--- START ---

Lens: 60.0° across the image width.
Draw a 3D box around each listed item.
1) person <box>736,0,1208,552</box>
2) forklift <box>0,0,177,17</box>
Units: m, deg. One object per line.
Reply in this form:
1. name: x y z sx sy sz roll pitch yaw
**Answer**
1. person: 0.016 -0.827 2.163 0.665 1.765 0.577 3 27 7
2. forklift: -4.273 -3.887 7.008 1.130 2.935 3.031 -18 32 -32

--- END ---

**Work required:**
From the first line to the last, return the material exactly.

**Answer to the problem:**
Lens: 60.0° across the image width.
Draw a 3D box around each listed item.
1) person <box>736,0,1208,552</box>
2) forklift <box>0,0,177,17</box>
Units: m, deg. One object per line.
Reply in this form:
1. name: x y z sx sy sz roll pitch yaw
**Answer**
1. person: 0.016 -0.827 2.163 0.665 1.765 0.577 3 27 7
2. forklift: -4.273 -3.887 7.008 1.130 2.935 3.031 -18 32 -32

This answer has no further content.